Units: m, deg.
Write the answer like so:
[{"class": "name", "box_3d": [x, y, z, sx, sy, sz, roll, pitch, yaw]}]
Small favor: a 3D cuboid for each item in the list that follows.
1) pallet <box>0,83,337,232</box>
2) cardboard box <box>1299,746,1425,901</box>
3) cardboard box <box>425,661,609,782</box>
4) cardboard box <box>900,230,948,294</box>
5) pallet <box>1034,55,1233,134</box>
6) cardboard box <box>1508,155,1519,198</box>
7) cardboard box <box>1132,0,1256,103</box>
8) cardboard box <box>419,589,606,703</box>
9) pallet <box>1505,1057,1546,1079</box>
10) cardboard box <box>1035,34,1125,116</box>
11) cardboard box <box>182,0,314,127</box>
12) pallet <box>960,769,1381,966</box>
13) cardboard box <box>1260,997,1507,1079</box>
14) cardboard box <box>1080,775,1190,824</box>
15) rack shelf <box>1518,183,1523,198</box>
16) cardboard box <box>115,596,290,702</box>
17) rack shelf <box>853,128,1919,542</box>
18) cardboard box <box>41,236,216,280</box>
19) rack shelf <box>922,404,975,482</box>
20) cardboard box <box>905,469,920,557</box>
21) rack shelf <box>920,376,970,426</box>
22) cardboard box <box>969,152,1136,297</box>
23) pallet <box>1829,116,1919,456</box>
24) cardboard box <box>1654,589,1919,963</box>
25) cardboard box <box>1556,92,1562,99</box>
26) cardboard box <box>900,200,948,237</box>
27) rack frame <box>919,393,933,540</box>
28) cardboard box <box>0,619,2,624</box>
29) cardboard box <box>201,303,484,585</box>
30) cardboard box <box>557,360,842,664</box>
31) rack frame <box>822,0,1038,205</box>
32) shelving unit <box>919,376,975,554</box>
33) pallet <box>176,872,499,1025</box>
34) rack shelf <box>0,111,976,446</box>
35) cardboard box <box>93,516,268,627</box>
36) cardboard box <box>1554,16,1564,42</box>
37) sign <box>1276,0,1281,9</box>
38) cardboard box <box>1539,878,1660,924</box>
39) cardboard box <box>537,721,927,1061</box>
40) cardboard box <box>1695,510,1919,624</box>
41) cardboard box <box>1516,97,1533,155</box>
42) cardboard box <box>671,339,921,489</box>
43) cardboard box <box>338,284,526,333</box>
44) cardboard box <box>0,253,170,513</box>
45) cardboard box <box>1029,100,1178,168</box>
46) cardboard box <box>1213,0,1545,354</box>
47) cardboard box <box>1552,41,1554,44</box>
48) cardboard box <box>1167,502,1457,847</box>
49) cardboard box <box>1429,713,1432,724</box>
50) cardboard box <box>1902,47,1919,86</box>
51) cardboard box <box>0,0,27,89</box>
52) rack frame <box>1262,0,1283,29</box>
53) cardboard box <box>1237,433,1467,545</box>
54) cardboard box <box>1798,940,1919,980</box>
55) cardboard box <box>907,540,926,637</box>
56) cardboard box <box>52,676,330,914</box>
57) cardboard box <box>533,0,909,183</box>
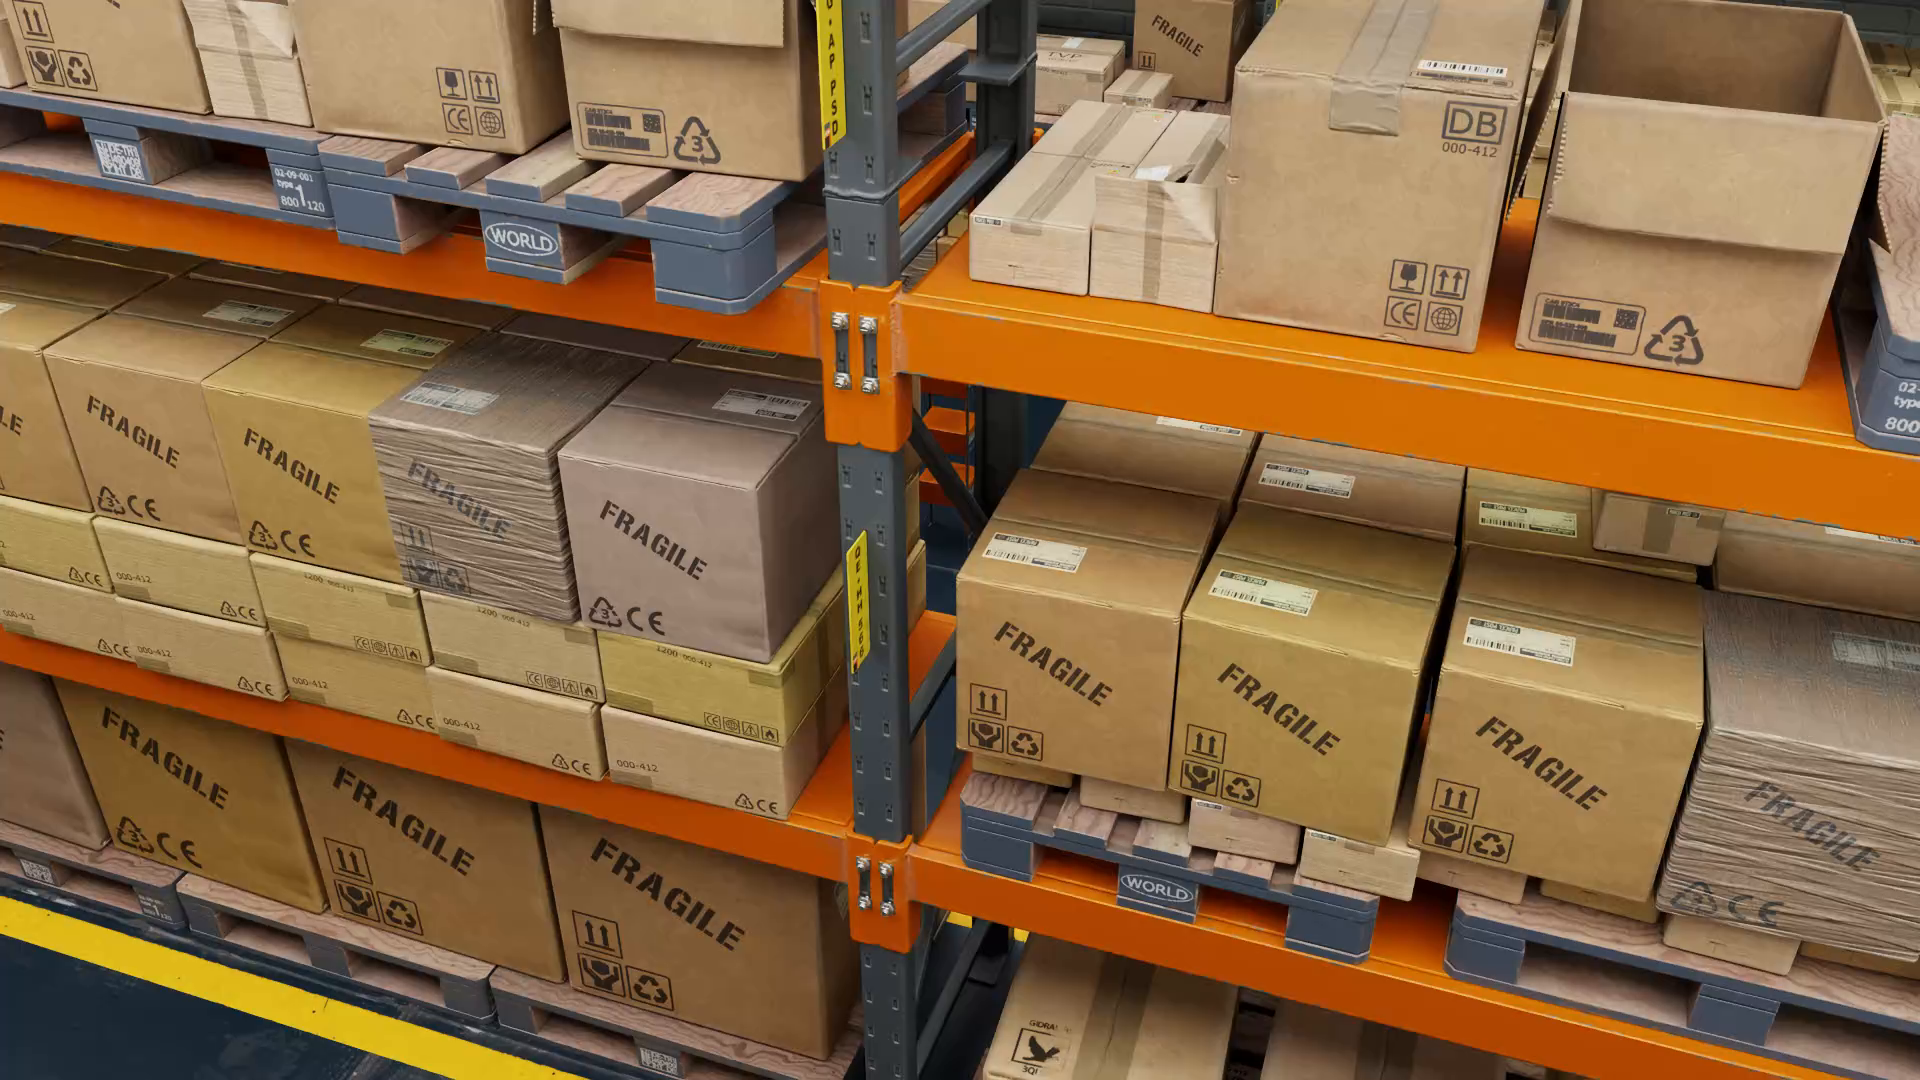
[{"class": "pallet", "box_3d": [-1.719, -1.132, 4.146, 1.213, 0.211, 1.003, 13, 35, 19]}, {"class": "cardboard box", "box_3d": [0.951, 0.630, 3.853, 0.250, 0.149, 0.380, 11, 34, 17]}, {"class": "cardboard box", "box_3d": [-1.091, 0.361, 4.564, 0.500, 0.250, 0.500, 12, 35, 17]}, {"class": "cardboard box", "box_3d": [-0.297, -1.563, 9.323, 0.500, 0.500, 0.500, 10, 34, 15]}, {"class": "pallet", "box_3d": [0.968, -2.200, 8.568, 1.003, 0.211, 1.213, 11, 34, 16]}, {"class": "cardboard box", "box_3d": [2.437, -1.829, 7.955, 0.500, 0.250, 0.500, 10, 34, 15]}, {"class": "cardboard box", "box_3d": [1.198, -2.585, 8.508, 0.500, 0.500, 0.500, 13, 35, 19]}, {"class": "cardboard box", "box_3d": [-1.066, 0.145, 4.437, 0.500, 0.250, 0.500, 10, 34, 15]}, {"class": "pallet", "box_3d": [1.839, 1.883, 4.640, 1.213, 0.211, 1.003, 11, 34, 16]}, {"class": "cardboard box", "box_3d": [0.528, -2.333, 8.350, 0.500, 0.250, 0.500, 9, 34, 14]}, {"class": "cardboard box", "box_3d": [-1.455, -1.110, 3.676, 0.258, 0.266, 0.396, 10, 34, 15]}, {"class": "pallet", "box_3d": [0.666, 0.500, 4.387, 1.003, 0.211, 1.213, 11, 34, 16]}, {"class": "cardboard box", "box_3d": [1.185, 1.510, 4.681, 0.625, 0.372, 0.950, 10, 34, 16]}, {"class": "cardboard box", "box_3d": [0.457, 0.496, 4.062, 0.250, 0.149, 0.380, 9, 34, 14]}, {"class": "rack shelf", "box_3d": [3.513, -1.524, 8.008, 4.000, 0.370, 1.077, 11, 34, 16]}, {"class": "cardboard box", "box_3d": [-2.049, 0.182, 4.842, 0.500, 0.250, 0.500, 10, 34, 16]}, {"class": "rack shelf", "box_3d": [1.842, -0.249, 3.268, 4.000, 0.370, 1.077, 11, 34, 16]}, {"class": "cardboard box", "box_3d": [-2.341, -0.704, 5.060, 0.500, 0.500, 0.500, 12, 35, 18]}, {"class": "rack shelf", "box_3d": [-0.050, -0.442, 7.486, 0.240, 0.259, 0.215, 11, 34, 16]}, {"class": "cardboard box", "box_3d": [-0.435, -0.023, 4.697, 0.500, 0.250, 0.500, 11, 34, 16]}, {"class": "rack shelf", "box_3d": [-0.050, -0.680, 7.332, 0.240, 0.259, 0.215, 11, 34, 16]}, {"class": "cardboard box", "box_3d": [0.198, -0.667, 3.484, 0.250, 0.149, 0.380, 11, 34, 16]}, {"class": "pallet", "box_3d": [2.202, -0.462, 3.107, 1.003, 0.211, 1.213, 11, 34, 16]}, {"class": "cardboard box", "box_3d": [1.768, 0.481, 3.486, 0.500, 0.500, 0.500, 10, 34, 15]}, {"class": "cardboard box", "box_3d": [2.830, -2.144, 7.615, 0.250, 0.149, 0.380, 11, 35, 17]}, {"class": "cardboard box", "box_3d": [-0.159, -1.809, 9.106, 0.250, 0.149, 0.380, 9, 34, 14]}, {"class": "rack frame", "box_3d": [-0.165, -0.473, 7.515, 0.008, 1.050, 0.200, 11, 34, 16]}, {"class": "cardboard box", "box_3d": [-2.994, -0.017, 5.149, 0.500, 0.250, 0.500, 10, 34, 15]}, {"class": "cardboard box", "box_3d": [-1.567, -0.264, 4.379, 0.500, 0.500, 0.500, 11, 34, 17]}, {"class": "cardboard box", "box_3d": [-0.616, -0.080, 4.094, 0.500, 0.500, 0.500, 10, 34, 15]}, {"class": "rack frame", "box_3d": [-0.041, -2.177, 2.826, 0.127, 3.000, 1.000, 11, 34, 16]}, {"class": "shelving unit", "box_3d": [-0.050, -0.451, 7.480, 0.252, 1.050, 0.215, 11, 34, 16]}, {"class": "pallet", "box_3d": [-1.902, 1.108, 5.840, 1.213, 0.211, 1.003, 11, 34, 16]}, {"class": "rack shelf", "box_3d": [-1.924, -0.981, 4.401, 4.000, 0.370, 1.077, 11, 34, 16]}, {"class": "cardboard box", "box_3d": [-2.044, -0.033, 4.713, 0.500, 0.250, 0.500, 10, 34, 15]}, {"class": "cardboard box", "box_3d": [2.986, -2.384, 7.987, 0.250, 0.149, 0.380, 11, 34, 16]}, {"class": "sign", "box_3d": [1.456, -2.366, 7.655, 0.005, 0.325, 0.100, 11, 34, 16]}, {"class": "cardboard box", "box_3d": [1.483, 0.666, 3.797, 0.250, 0.149, 0.380, 12, 35, 18]}, {"class": "cardboard box", "box_3d": [-0.663, 0.891, 5.177, 0.875, 0.875, 0.875, 11, 34, 16]}, {"class": "cardboard box", "box_3d": [1.960, 0.222, 3.887, 0.500, 0.500, 0.500, 10, 34, 15]}, {"class": "cardboard box", "box_3d": [2.436, -2.041, 7.823, 0.500, 0.250, 0.500, 12, 35, 18]}, {"class": "cardboard box", "box_3d": [-0.423, -0.334, 4.488, 0.500, 0.500, 0.500, 10, 34, 15]}, {"class": "cardboard box", "box_3d": [-1.375, -0.522, 4.780, 0.500, 0.500, 0.500, 12, 35, 18]}, {"class": "cardboard box", "box_3d": [-2.530, -0.452, 4.670, 0.500, 0.500, 0.500, 10, 34, 15]}, {"class": "cardboard box", "box_3d": [0.327, -0.861, 3.784, 0.250, 0.149, 0.380, 11, 34, 16]}, {"class": "cardboard box", "box_3d": [0.848, -0.780, 3.336, 0.500, 0.500, 0.700, 11, 34, 16]}, {"class": "cardboard box", "box_3d": [3.099, -2.213, 8.090, 0.500, 0.250, 0.500, 11, 34, 16]}, {"class": "cardboard box", "box_3d": [0.798, 0.292, 3.779, 0.500, 0.500, 0.500, 13, 35, 19]}, {"class": "cardboard box", "box_3d": [1.374, 0.341, 4.301, 0.250, 0.149, 0.380, 12, 35, 17]}, {"class": "cardboard box", "box_3d": [4.420, -2.107, 7.557, 0.250, 0.149, 0.380, 11, 34, 16]}, {"class": "cardboard box", "box_3d": [-2.204, -1.256, 3.901, 0.258, 0.266, 0.396, 14, 35, 20]}, {"class": "rack frame", "box_3d": [1.630, -2.192, 8.380, 0.127, 3.000, 1.000, 11, 34, 16]}, {"class": "cardboard box", "box_3d": [0.971, 0.030, 4.185, 0.500, 0.500, 0.500, 10, 34, 16]}, {"class": "cardboard box", "box_3d": [1.978, 0.756, 3.658, 0.250, 0.149, 0.380, 10, 34, 15]}, {"class": "cardboard box", "box_3d": [-0.417, 0.188, 4.831, 0.500, 0.250, 0.500, 10, 34, 16]}, {"class": "cardboard box", "box_3d": [-2.343, 0.561, 5.687, 0.875, 0.875, 0.875, 12, 35, 18]}, {"class": "cardboard box", "box_3d": [-0.447, -1.129, 3.485, 0.637, 0.503, 0.797, 9, 34, 14]}]

---+---

GOAL OF THE EXERCISE => What are the lines, exactly as written above, from the line with "Write the answer" to the line with "19) rack shelf <box>922,404,975,482</box>", both included? Output only those.

RESPONSE TO THE TASK =>
Write the answer like so:
[{"class": "name", "box_3d": [x, y, z, sx, sy, sz, roll, pitch, yaw]}]
Small favor: a 3D cuboid for each item in the list that follows.
1) pallet <box>0,83,337,232</box>
2) cardboard box <box>1299,746,1425,901</box>
3) cardboard box <box>425,661,609,782</box>
4) cardboard box <box>900,230,948,294</box>
5) pallet <box>1034,55,1233,134</box>
6) cardboard box <box>1508,155,1519,198</box>
7) cardboard box <box>1132,0,1256,103</box>
8) cardboard box <box>419,589,606,703</box>
9) pallet <box>1505,1057,1546,1079</box>
10) cardboard box <box>1035,34,1125,116</box>
11) cardboard box <box>182,0,314,127</box>
12) pallet <box>960,769,1381,966</box>
13) cardboard box <box>1260,997,1507,1079</box>
14) cardboard box <box>1080,775,1190,824</box>
15) rack shelf <box>1518,183,1523,198</box>
16) cardboard box <box>115,596,290,702</box>
17) rack shelf <box>853,128,1919,542</box>
18) cardboard box <box>41,236,216,280</box>
19) rack shelf <box>922,404,975,482</box>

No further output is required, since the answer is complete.